**WORK REQUIRED:** Filter the listing and keep only the lines with the word "name".

**DATA SHOWN:**
· · · ·
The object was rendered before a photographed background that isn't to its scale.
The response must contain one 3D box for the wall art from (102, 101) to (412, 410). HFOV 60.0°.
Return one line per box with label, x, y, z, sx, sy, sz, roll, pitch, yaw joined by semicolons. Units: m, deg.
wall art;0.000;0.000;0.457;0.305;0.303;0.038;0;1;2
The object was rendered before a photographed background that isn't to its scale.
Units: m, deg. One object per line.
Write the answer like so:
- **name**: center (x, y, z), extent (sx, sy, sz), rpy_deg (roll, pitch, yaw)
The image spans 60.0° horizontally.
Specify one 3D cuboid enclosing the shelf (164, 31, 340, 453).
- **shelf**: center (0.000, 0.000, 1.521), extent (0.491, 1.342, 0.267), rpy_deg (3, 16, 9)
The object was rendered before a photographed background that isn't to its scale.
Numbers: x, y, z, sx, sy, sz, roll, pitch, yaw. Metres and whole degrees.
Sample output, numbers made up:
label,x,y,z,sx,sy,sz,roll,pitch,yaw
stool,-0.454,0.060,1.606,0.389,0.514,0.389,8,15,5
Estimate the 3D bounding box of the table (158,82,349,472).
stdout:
· · · ·
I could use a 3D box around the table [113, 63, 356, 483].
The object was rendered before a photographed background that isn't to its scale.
· · · ·
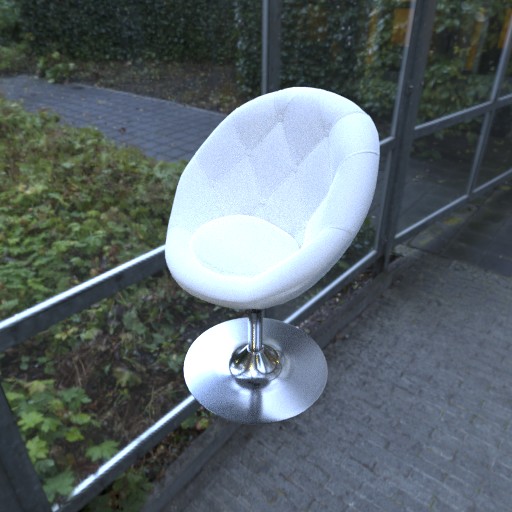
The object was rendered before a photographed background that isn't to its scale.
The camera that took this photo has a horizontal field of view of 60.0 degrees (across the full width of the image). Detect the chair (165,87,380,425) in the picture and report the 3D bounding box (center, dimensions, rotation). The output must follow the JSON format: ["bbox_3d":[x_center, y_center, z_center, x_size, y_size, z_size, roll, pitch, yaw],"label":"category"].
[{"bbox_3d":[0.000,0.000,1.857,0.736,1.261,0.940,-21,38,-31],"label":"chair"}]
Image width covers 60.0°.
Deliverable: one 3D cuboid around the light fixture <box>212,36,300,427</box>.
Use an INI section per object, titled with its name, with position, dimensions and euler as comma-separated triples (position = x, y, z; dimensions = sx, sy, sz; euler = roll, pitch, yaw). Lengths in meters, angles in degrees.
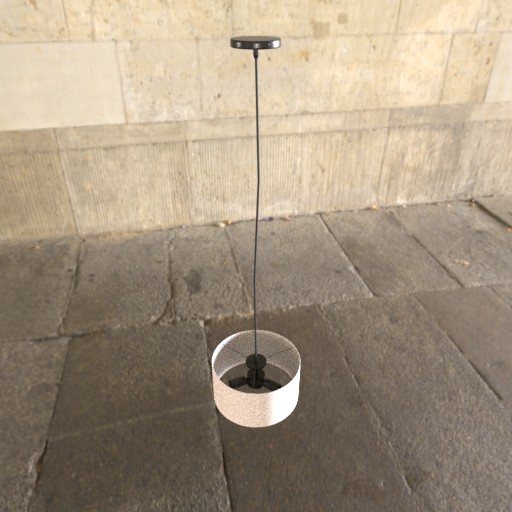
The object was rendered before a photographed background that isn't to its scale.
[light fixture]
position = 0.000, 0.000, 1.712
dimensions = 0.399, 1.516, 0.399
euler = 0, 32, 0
· · · ·
**THE ANSWER:**
- **name**: center (x, y, z), extent (sx, sy, sz), rpy_deg (roll, pitch, yaw)
Use an INI section per object, titled with its name, with position, dimensions and euler as comma-separated triples (position = x, y, z; dimensions = sx, sy, sz; euler = roll, pitch, yaw). Lengths in meters, angles in degrees.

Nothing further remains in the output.